The Kind of Evaluation that Matters

Linda Rief said it best ...

"Through their portfolios of writing and reading, I know all my students. They ... are articulate learners because they continually practice discussing what they know and how they know it: by sharing with me, their peers, the community, and other grade levels.

Learning to make meaning in writing and reading is not objective, as our evaluation systems would seem to indicate. We must become more flexible in our assessment of students' work. When kids are given choices in what they read and what they write, and time to think about what they are doing, their writing and reading get better. When we trust them to set goals and to evaluate their learning in progress, we will begin to realize that they know much more than we allow them to tell us through our set curriculums, our standardized tests, our writing samples."
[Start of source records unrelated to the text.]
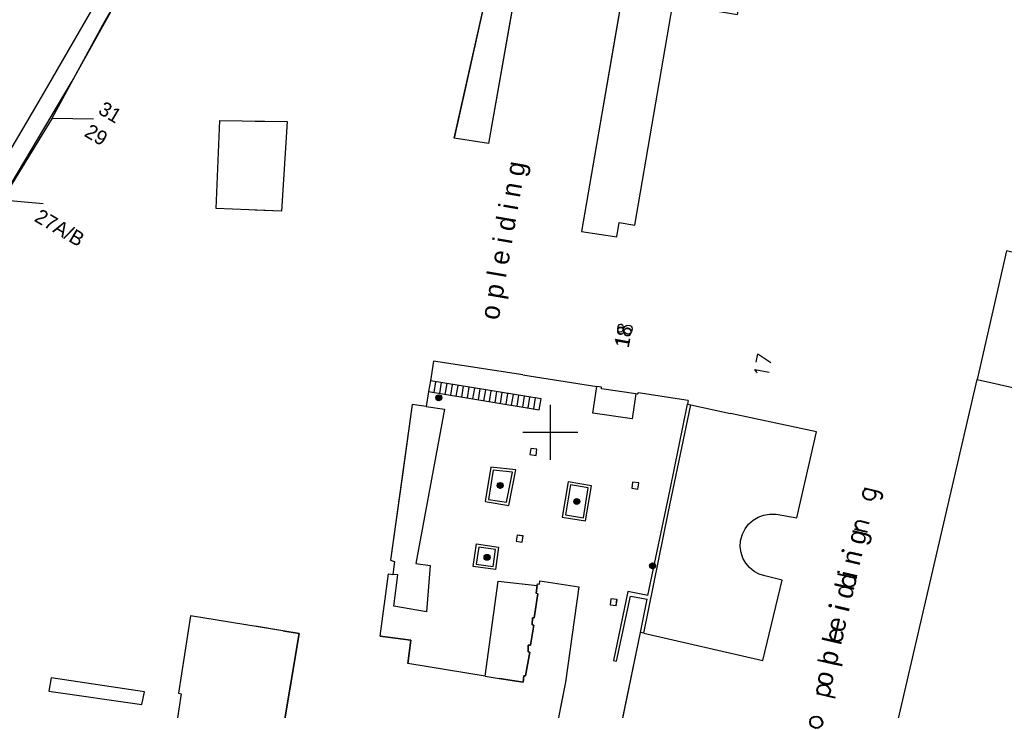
# Model space of a CAD drawing. Header units: millimetres. Extents: x 135944 to 142000, y 454200 to 456692.
# Tile 78 of 153: x 136711 to 136783, y 456230 to 456280. Entities that reach past the tile are written whole.
import ezdxf
from ezdxf.enums import TextEntityAlignment as Align

# ---------------------------------------------------------------- set-up
doc = ezdxf.new("R2010")
doc.units = ezdxf.units.MM
for name, color, linetype in [('TotaalGBKN2013_Bistad', 251, 'Continuous'), ('TotaalGBKN2013X$0$Contouren', 251, 'Continuous'), ('TotaalGBKN2013X$0$GBKN binnenstad 2009$0$OBJECTEN__', 251, 'Continuous'), ('TotaalGBKN2013X$0$GBKN binnenstad 2009$0$OBJECTEN___', 251, 'Continuous'), ('TotaalGBKN2013X$0$Xref', 251, 'Continuous')]:
    doc.layers.add(name, color=color, linetype=linetype)
doc.styles.add('TotaalGBKN2013X$0$GBKN binnenstad 2009$0$Standard', font='txt')
doc.styles.add('TotaalGBKN2013X$0$GBKN binnenstad 2009$0$TXT', font='txt.shx')

# ---------------------------------------------------------------- blocks, each defined once
blk = doc.blocks.new('TotaalGBKN2013X$0$GBKN binnenstad 2009$0$W')
at = {"layer": 'TotaalGBKN2013X$0$GBKN binnenstad 2009$0$OBJECTEN__', "linetype": 'Continuous', "lineweight": 0}
blk.add_lwpolyline([(-0.225, 0.225), (-0.225, -0.225), (0.225, -0.225), (0.225, 0.225), (-0.225, 0.225)], dxfattribs=at)
blk = doc.blocks.new('TotaalGBKN2013X$0$GBKN binnenstad 2009$0$J')
at = {"layer": 'TotaalGBKN2013X$0$GBKN binnenstad 2009$0$OBJECTEN___', "linetype": 'Continuous', "lineweight": 0}
for radius in [0.215, 0.155, 0.095, 0.035]:
    blk.add_circle((0, 0), radius, dxfattribs=at)
blk = doc.blocks.new('TotaalGBKN2013X$0$GBKN binnenstad 2009')
at = {"layer": 'TotaalGBKN2013_Bistad'}
for p, q in [((136712949, 456274418), (136720475, 456287412)), ((136747974, 456285102), (136745486, 456271041)), ((136717425, 456279677), (136719673, 456283620)), ((136755364, 456282649), (136752259, 456264633)), ((136742994, 456271434), (136745283, 456281604)), ((136756148, 456265082), (136758910, 456281208)), ((136745117, 456280865), (136742994, 456271434)), ((136713744, 456272889), (136717425, 456279677)), ((136706645, 456263646), (136712949, 456274418)), ((136713744, 456272889), (136710095, 456266919)), ((136713744, 456272889), (136716744, 456272828)), ((136725665, 456266295), (136725937, 456272707)), ((136725937, 456272707), (136730838, 456272638)), ((136728513, 456272671), (136730838, 456272638)), ((136730838, 456272638), (136730426, 456266105)), ((136730838, 456272638), (136730426, 456266105)), ((136745486, 456271041), (136742994, 456271434)), ((136710095, 456266919), (136713084, 456266652)), ((136730426, 456266105), (136725665, 456266295)), ((136730426, 456266105), (136728513, 456266181)), ((136752259, 456264633), (136754825, 456264233)), ((136754825, 456264233), (136755005, 456265278)), ((136755005, 456265278), (136756148, 456265082)), ((136783200, 456263212), (136781073, 456253846)), ((136741500, 456255175), (136741267, 456253744)), ((136747999, 456254174), (136741500, 456255175)), ((136747999, 456254174), (136753383, 456253328)), ((136747999, 456254174), (136753383, 456253328)), ((136741267, 456253744), (136741138, 456252955)), ((136741267, 456253744), (136741138, 456252955)), ((136749321, 456252428), (136741267, 456253744)), ((136741540, 456252890), (136741669, 456253679)), ((136741540, 456252890), (136741669, 456253679)), ((136741943, 456252824), (136742072, 456253613)), ((136741943, 456252824), (136742072, 456253613)), ((136742345, 456252758), (136742474, 456253547)), ((136742345, 456252758), (136742474, 456253547)), ((136742748, 456252692), (136742877, 456253481)), ((136742748, 456252692), (136742877, 456253481)), ((136743151, 456252626), (136743280, 456253415)), ((136743151, 456252626), (136743280, 456253415)), ((136743553, 456252561), (136743682, 456253350)), ((136743553, 456252561), (136743682, 456253350)), ((136743956, 456252495), (136744085, 456253284)), ((136743956, 456252495), (136744085, 456253284)), ((136744359, 456252429), (136744488, 456253218)), ((136744359, 456252429), (136744488, 456253218)), ((136753092, 456251384), (136753383, 456253328)), ((136753718, 456253275), (136753383, 456253328)), ((136753718, 456253170), (136753718, 456253275)), ((136756213, 456252790), (136753718, 456253170)), ((136773494, 456221192), (136781073, 456253846)), ((136773494, 456221192), (136781073, 456253846)), ((136781073, 456253846), (136784311, 456253110)), ((136741138, 456252955), (136740963, 456251882)), ((136741138, 456252955), (136740963, 456251882)), ((136741138, 456252955), (136749192, 456251639)), ((136744761, 456252363), (136744890, 456253152)), ((136744761, 456252363), (136744890, 456253152)), ((136745164, 456252297), (136745293, 456253086)), ((136745164, 456252297), (136745293, 456253086)), ((136745567, 456252232), (136745696, 456253021)), ((136745567, 456252232), (136745696, 456253021)), ((136745969, 456252166), (136746098, 456252955)), ((136745969, 456252166), (136746098, 456252955)), ((136746372, 456252100), (136746501, 456252889)), ((136746372, 456252100), (136746501, 456252889)), ((136746775, 456252034), (136746904, 456252823)), ((136746775, 456252034), (136746904, 456252823)), ((136747177, 456251968), (136747306, 456252757)), ((136747177, 456251968), (136747306, 456252757)), ((136747580, 456251903), (136747709, 456252692)), ((136747580, 456251903), (136747709, 456252692)), ((136747983, 456251837), (136748112, 456252626)), ((136747983, 456251837), (136748112, 456252626)), ((136748385, 456251771), (136748514, 456252560)), ((136748385, 456251771), (136748514, 456252560)), ((136748788, 456251705), (136748917, 456252494)), ((136748788, 456251705), (136748917, 456252494)), ((136756213, 456252790), (136755945, 456250970)), ((136756326, 456252773), (136756213, 456252790)), ((136756381, 456252867), (136756326, 456252773)), ((136760030, 456252320), (136756381, 456252867)), ((136739946, 456252025), (136739232, 456246900)), ((136740963, 456251882), (136739946, 456252025)), ((136740963, 456251882), (136739946, 456252025)), ((136740963, 456251882), (136742299, 456251689)), ((136740963, 456251882), (136742299, 456251689)), ((136749192, 456251639), (136749321, 456252428)), ((136750000, 456250000), (136750000, 456252000)), ((136750000, 456250000), (136750000, 456252000)), ((136758606, 456244226), (136760212, 456252005)), ((136758717, 456245831), (136759989, 456252055)), ((136760030, 456252320), (136759989, 456252055)), ((136760030, 456252320), (136759989, 456252055)), ((136759989, 456252055), (136760212, 456252005)), ((136759989, 456252055), (136760212, 456252005)), ((136760212, 456252005), (136763103, 456251362)), ((136760212, 456252005), (136763103, 456251362)), ((136742299, 456251689), (136740201, 456240445)), ((136742299, 456251689), (136740201, 456240445)), ((136755945, 456250970), (136753092, 456251384)), ((136769377, 456250040), (136763103, 456251362)), ((136748000, 456250000), (136750000, 456250000)), ((136748000, 456250000), (136750000, 456250000)), ((136750000, 456250000), (136752000, 456250000)), ((136750000, 456248000), (136750000, 456250000)), ((136750000, 456250000), (136752000, 456250000)), ((136750000, 456248000), (136750000, 456250000)), ((136767948, 456243758), (136769377, 456250040)), ((136748575, 456248822), (136748512, 456248377)), ((136748512, 456248377), (136748957, 456248314)), ((136749020, 456248759), (136748575, 456248822)), ((136748957, 456248314), (136749020, 456248759)), ((136745669, 456247459), (136745262, 456244942)), ((136747472, 456247269), (136745669, 456247459)), ((136739232, 456246900), (136738364, 456240675)), ((136745836, 456247240), (136745492, 456245109)), ((136747234, 456247093), (136745836, 456247240)), ((136746807, 456244902), (136747234, 456247093)), ((136746966, 456244674), (136747472, 456247269)), ((136751293, 456246396), (136750859, 456243809)), ((136751457, 456246164), (136751090, 456243975)), ((136752990, 456246100), (136751293, 456246396)), ((136752760, 456245937), (136751457, 456246164)), ((136752566, 456243540), (136752990, 456246100)), ((136755988, 456246368), (136755925, 456245923)), ((136756433, 456246305), (136755988, 456246368)), ((136756370, 456245860), (136756433, 456246305)), ((136752401, 456243768), (136752760, 456245937)), ((136755925, 456245923), (136756370, 456245860)), ((136757097, 456238096), (136758717, 456245831)), ((136745262, 456244942), (136746966, 456244674)), ((136745492, 456245109), (136746807, 456244902)), ((136751090, 456243975), (136752401, 456243768)), ((136756800, 456235352), (136758606, 456244226)), ((136765117, 456243806), (136765520, 456243958)), ((136765520, 456243958), (136765944, 456244033)), ((136765944, 456244033), (136766375, 456244029)), ((136766375, 456244029), (136766425, 456244023)), ((136766425, 456244023), (136767948, 456243758)), ((136750859, 456243809), (136752566, 456243540)), ((136764167, 456242952), (136764429, 456243294)), ((136764429, 456243294), (136764749, 456243582)), ((136764749, 456243582), (136765117, 456243806)), ((136747572, 456242503), (136747509, 456242058)), ((136748017, 456242440), (136747572, 456242503)), ((136747954, 456241995), (136748017, 456242440)), ((136763847, 456242085), (136763948, 456242499)), ((136763948, 456242499), (136763973, 456242567)), ((136763973, 456242567), (136764167, 456242952)), ((136744372, 456240209), (136744611, 456241866)), ((136744611, 456241866), (136746233, 456241615)), ((136747509, 456242058), (136747954, 456241995)), ((136763824, 456241660), (136763847, 456242085)), ((136744780, 456241637), (136744598, 456240380)), ((136746007, 456241447), (136744780, 456241637)), ((136745836, 456240216), (136746007, 456241447)), ((136746233, 456241615), (136746006, 456239991)), ((136763882, 456241237), (136763824, 456241660)), ((136764017, 456240833), (136763882, 456241237)), ((136738364, 456240675), (136738650, 456240580)), ((136738650, 456240580), (136738531, 456239629)), ((136740201, 456240445), (136741250, 456240289)), ((136740201, 456240445), (136741250, 456240289)), ((136741250, 456240289), (136740987, 456236914)), ((136741250, 456240289), (136740987, 456236914)), ((136744598, 456240380), (136745836, 456240216)), ((136764225, 456240461), (136764017, 456240833)), ((136764499, 456240135), (136764225, 456240461)), ((136737614, 456235149), (136738219, 456239672)), ((136738219, 456239672), (136738531, 456239629)), ((136738899, 456239604), (136738531, 456239629)), ((136738610, 456237339), (136738899, 456239604)), ((136746006, 456239991), (136744372, 456240209)), ((136764829, 456239865), (136764499, 456240135)), ((136765203, 456239662), (136764829, 456239865)), ((136765609, 456239532), (136765203, 456239662)), ((136745254, 456232224), (136746191, 456239154)), ((136745254, 456232224), (136746191, 456239154)), ((136746191, 456239154), (136749043, 456238842)), ((136746191, 456239154), (136749043, 456238842)), ((136749043, 456238842), (136748972, 456238285)), ((136749043, 456238842), (136749056, 456238945)), ((136749056, 456238945), (136749206, 456238924)), ((136749206, 456238924), (136749232, 456239179)), ((136749232, 456239179), (136752070, 456238730)), ((136765463, 456233378), (136766859, 456239222)), ((136766859, 456239222), (136765609, 456239532)), ((136749082, 456238234), (136748821, 456236477)), ((136748972, 456238285), (136749082, 456238234)), ((136752070, 456238730), (136751107, 456231791)), ((136755639, 456238396), (136754592, 456233367)), ((136757097, 456238096), (136755639, 456238396)), ((136754403, 456237873), (136754340, 456237428)), ((136754340, 456237428), (136754785, 456237365)), ((136754848, 456237810), (136754403, 456237873)), ((136754785, 456237365), (136754848, 456237810)), ((136754811, 456233311), (136755822, 456238059)), ((136755822, 456238059), (136757045, 456237846)), ((136756556, 456235408), (136757045, 456237846)), ((136756556, 456235408), (136757045, 456237846)), ((136740987, 456236914), (136738610, 456237339)), ((136740987, 456236914), (136738610, 456237339)), ((136723799, 456236634), (136722935, 456230981)), ((136731721, 456235336), (136723799, 456236634)), ((136748695, 456236467), (136748667, 456235978)), ((136748667, 456235978), (136748787, 456235942)), ((136748821, 456236477), (136748695, 456236467)), ((136730533, 456235531), (136728513, 456235862)), ((136729630, 456223009), (136731721, 456235336)), ((136748787, 456235942), (136748553, 456234488)), ((136754321, 456224619), (136756556, 456235408)), ((136756800, 456235352), (136756556, 456235408)), ((136756800, 456235352), (136756556, 456235408)), ((136756800, 456235352), (136765463, 456233378)), ((136739839, 456234856), (136737614, 456235149)), ((136739613, 456233156), (136739839, 456234856)), ((136731549, 456234320), (136729466, 456222043)), ((136748499, 456233983), (136748189, 456232241)), ((136748393, 456234494), (136748384, 456233994)), ((136748384, 456233994), (136748499, 456233983)), ((136748553, 456234488), (136748393, 456234494)), ((136745254, 456232224), (136739613, 456233156)), ((136745254, 456232224), (136739613, 456233156)), ((136754592, 456233367), (136754811, 456233311)), ((136713666, 456232102), (136713489, 456231146)), ((136720444, 456231082), (136713666, 456232102)), ((136745254, 456232224), (136746262, 456232058)), ((136745254, 456232224), (136746262, 456232058)), ((136748026, 456231797), (136746262, 456232058)), ((136748069, 456232261), (136748026, 456231797)), ((136748189, 456232241), (136748069, 456232261)), ((136751107, 456231791), (136750326, 456227871)), ((136713489, 456231146), (136720267, 456230156)), ((136720267, 456230156), (136720444, 456231082)), ((136722935, 456230981), (136723113, 456230950)), ((136723113, 456230950), (136722943, 456229830)), ((136722943, 456229830), (136722123, 456224427))]:
    blk.add_line(p, q, dxfattribs=at)
for points in [[(136747135, 456285271), (136747974, 456285102), (136745486, 456271041), (136742994, 456271434)], [(136752259, 456264633), (136754825, 456264233), (136755005, 456265278), (136756148, 456265082), (136758910, 456281208), (136763617, 456280434), (136763743, 456281126), (136755364, 456282649), (136752259, 456264633)], [(136781073, 456253846), (136784311, 456253110), (136786431, 456262437), (136783200, 456263212)], [(136747999, 456254174), (136741500, 456255175), (136741267, 456253744)], [(136741138, 456252955), (136749192, 456251639), (136749321, 456252428), (136741267, 456253744)], [(136756213, 456252790), (136755945, 456250970), (136753092, 456251384), (136753383, 456253328)], [(136756213, 456252790), (136753718, 456253170), (136753718, 456253275), (136753383, 456253328)], [(136760030, 456252320), (136756381, 456252867), (136756326, 456252773), (136756213, 456252790)], [(136739946, 456252025), (136738364, 456240675), (136738650, 456240580), (136738531, 456239629)], [(136756800, 456235352), (136758606, 456244226), (136760212, 456252005)], [(136757097, 456238096), (136758717, 456245831), (136759989, 456252055)], [(136756800, 456235352), (136765463, 456233378), (136766859, 456239222), (136765609, 456239532), (136765203, 456239662), (136764829, 456239865), (136764499, 456240135), (136764225, 456240461), (136764017, 456240833), (136763882, 456241237), (136763824, 456241660), (136763847, 456242085), (136763948, 456242499), (136763973, 456242567), (136764167, 456242952), (136764429, 456243294), (136764749, 456243582), (136765117, 456243806), (136765520, 456243958), (136765944, 456244033), (136766375, 456244029), (136766425, 456244023), (136767948, 456243758), (136769377, 456250040), (136763103, 456251362)], [(136745262, 456244942), (136746966, 456244674), (136747472, 456247269), (136745669, 456247459), (136745262, 456244942)], [(136745492, 456245109), (136746807, 456244902), (136747234, 456247093), (136745836, 456247240), (136745492, 456245109)], [(136750859, 456243809), (136752566, 456243540), (136752990, 456246100), (136751293, 456246396), (136750859, 456243809)], [(136751090, 456243975), (136752401, 456243768), (136752760, 456245937), (136751457, 456246164), (136751090, 456243975)], [(136744372, 456240209), (136744611, 456241866), (136746233, 456241615), (136746006, 456239991), (136744372, 456240209)], [(136744598, 456240380), (136745836, 456240216), (136746007, 456241447), (136744780, 456241637), (136744598, 456240380)], [(136737614, 456235149), (136738219, 456239672), (136738531, 456239629)], [(136738610, 456237339), (136738899, 456239604), (136738531, 456239629)], [(136746262, 456232058), (136748026, 456231797), (136748069, 456232261), (136748189, 456232241), (136748499, 456233983), (136748384, 456233994), (136748393, 456234494), (136748553, 456234488), (136748787, 456235942), (136748667, 456235978), (136748695, 456236467), (136748821, 456236477), (136749082, 456238234), (136748972, 456238285), (136749043, 456238842)], [(136749043, 456238842), (136749056, 456238945), (136749206, 456238924), (136749232, 456239179), (136752070, 456238730), (136751107, 456231791), (136750326, 456227871), (136749199, 456221558)], [(136757097, 456238096), (136755639, 456238396), (136754592, 456233367), (136754811, 456233311), (136755822, 456238059), (136757045, 456237846)], [(136730533, 456235531), (136731721, 456235336), (136731549, 456234320)], [(136754157, 456224197), (136754222, 456224632), (136754321, 456224619), (136756556, 456235408)], [(136737614, 456235149), (136739839, 456234856), (136739613, 456233156)]]:
    blk.add_lwpolyline(points, dxfattribs=at)
for centre, radius in [((136741873, 456252512), 215), ((136741873, 456252512), 155), ((136741873, 456252512), 95), ((136741873, 456252512), 35), ((136746343, 456246125), 215), ((136746343, 456246125), 155), ((136746343, 456246125), 95), ((136746343, 456246125), 35), ((136751917, 456244950), 215), ((136751917, 456244950), 155), ((136751917, 456244950), 95), ((136751917, 456244950), 35), ((136745389, 456240884), 215), ((136745389, 456240884), 155), ((136745389, 456240884), 95), ((136745389, 456240884), 35), ((136757439, 456240271), 215), ((136757439, 456240271), 155), ((136757439, 456240271), 95), ((136757439, 456240271), 35)]:
    blk.add_circle(centre, radius, dxfattribs=at)
at = {"layer": 'TotaalGBKN2013_Bistad', "xscale": 1000, "yscale": 1000, "zscale": 1000}
for p in [(136741873, 456252512), (136746343, 456246125), (136751917, 456244950), (136745389, 456240884), (136757439, 456240271)]:
    blk.add_blockref('TotaalGBKN2013X$0$GBKN binnenstad 2009$0$J', p, dxfattribs=at)
at = {"layer": 'TotaalGBKN2013_Bistad', "xscale": 999.9977752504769, "yscale": 999.9977752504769, "zscale": 1000, "rotation": 351.905441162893}
for p in [(136748766, 456248567), (136756179, 456246113), (136747763, 456242248), (136754594, 456237618)]:
    blk.add_blockref('TotaalGBKN2013X$0$GBKN binnenstad 2009$0$W', p, dxfattribs=at)
at = {"layer": 'TotaalGBKN2013_Bistad'}
for s, rotation, style, p in [('31', 329.5022, 'TotaalGBKN2013X$0$GBKN binnenstad 2009$0$Standard', (136717277.5, 456273710.1)), ('29', 329.4966, 'TotaalGBKN2013X$0$GBKN binnenstad 2009$0$Standard', (136716266.5, 456272066.1)), ('27A/B', 329.5022, 'TotaalGBKN2013X$0$GBKN binnenstad 2009$0$Standard', (136712628.5, 456265876.1)), ('18', 79.8441, 'TotaalGBKN2013X$0$GBKN binnenstad 2009$0$TXT', (136755171.3, 456256189.9)), ('18', 79.8441, 'TotaalGBKN2013X$0$GBKN binnenstad 2009$0$Standard', (136755171.3, 456256189.9)), ('17', 79.8441, 'TotaalGBKN2013X$0$GBKN binnenstad 2009$0$TXT', (136765312.3, 456253976.9))]:
    blk.add_text(s, height=1054, rotation=rotation, dxfattribs=dict(at, style=style)).set_placement(p, align=Align.MIDDLE_LEFT)
for height, rotation, style, p in [(1400, 80.221319, 'TotaalGBKN2013X$0$GBKN binnenstad 2009$0$Standard', (136746702.6, 456263952.2)), (1399.98, 76.923833, 'TotaalGBKN2013X$0$GBKN binnenstad 2009$0$TXT', (136771248.9, 456237189.5)), (1400, 76.923833, 'TotaalGBKN2013X$0$GBKN binnenstad 2009$0$Standard', (136771249.2, 456237190.4))]:
    blk.add_text('o p l e i d i n g', height=height, rotation=rotation, dxfattribs=dict(at, style=style)).set_placement(p, align=Align.MIDDLE)

msp = doc.modelspace()

# ---------------------------------------------------------------- linework, layer by layer
at = {"layer": 'TotaalGBKN2013X$0$Contouren'}
for p, q in [((136715.201, 456275.575), (136746.509, 456331.879)), ((136670.238, 456200.163), (136715.201, 456275.575))]:
    msp.add_line(p, q, dxfattribs=at)

# ---------------------------------------------------------------- block references
at = {"layer": 'TotaalGBKN2013X$0$Xref', "xscale": 0.0009999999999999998, "yscale": 0.0009999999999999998, "zscale": 0.0009999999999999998}
msp.add_blockref('TotaalGBKN2013X$0$GBKN binnenstad 2009', (0, 0), dxfattribs=at)

doc.saveas('drawing.dxf')

(Source: D. H. Graves, and Sunstein, B. S. (Eds.), Portfolio Portraits.)

It is not easy to move away from set curriculums and standardized tests because it means (to some extent) relinquishing control. Relinquishing control is not something that teachers are very comfortable with. When I first mentioned to my friends and colleagues that my students were blogging about (or, rather, working as a community of learners) and investigating human rights, World War II, and some literary texts, the response often was:

"So, what texts are you going to cover with them?"

My response, every single time, was: "I don't know. We'll begin and see where it takes us, I'll see where it takes them."

It took them into the kind of community where writing and exchanging ideas was "cool," where the journey itself - the act of writing - was more meaningful than the final product. It took them on a journey and helped them acquire and strengthen their voices. Suddenly, they became more interested in engaging in discussions than in getting a mark.

This approach taught me a lot about relinquishing control. I started perceiving my students as writers and gave them time to look for ideas that they found interesting and wanted to discuss and share. And that's why Linda Rief's words are so meaningful to me. A community of writers and learners where students discuss and share their work is a very effective tool. It's an effective tool precisely because it doesn't seem like a tool, it does not feel like a teaching strategy - not to the teacher and certainly not to the kids. I quickly realized that, to them, the best kind of evaluation was in the form of discussions with peers or comments written by others about their work.

Course content (something I commented on before) was created primarily by my students. This shift had a profound effect on me as a teacher and on my classroom. My time in class was spent talking to individual writers or sitting down among my students to write in my own blog or read and comment on their work. I found myself operating on what Marie Jasinski calls the "edge of chaos." I found myself, to use Marie's words again, "facilitating the unpredictable."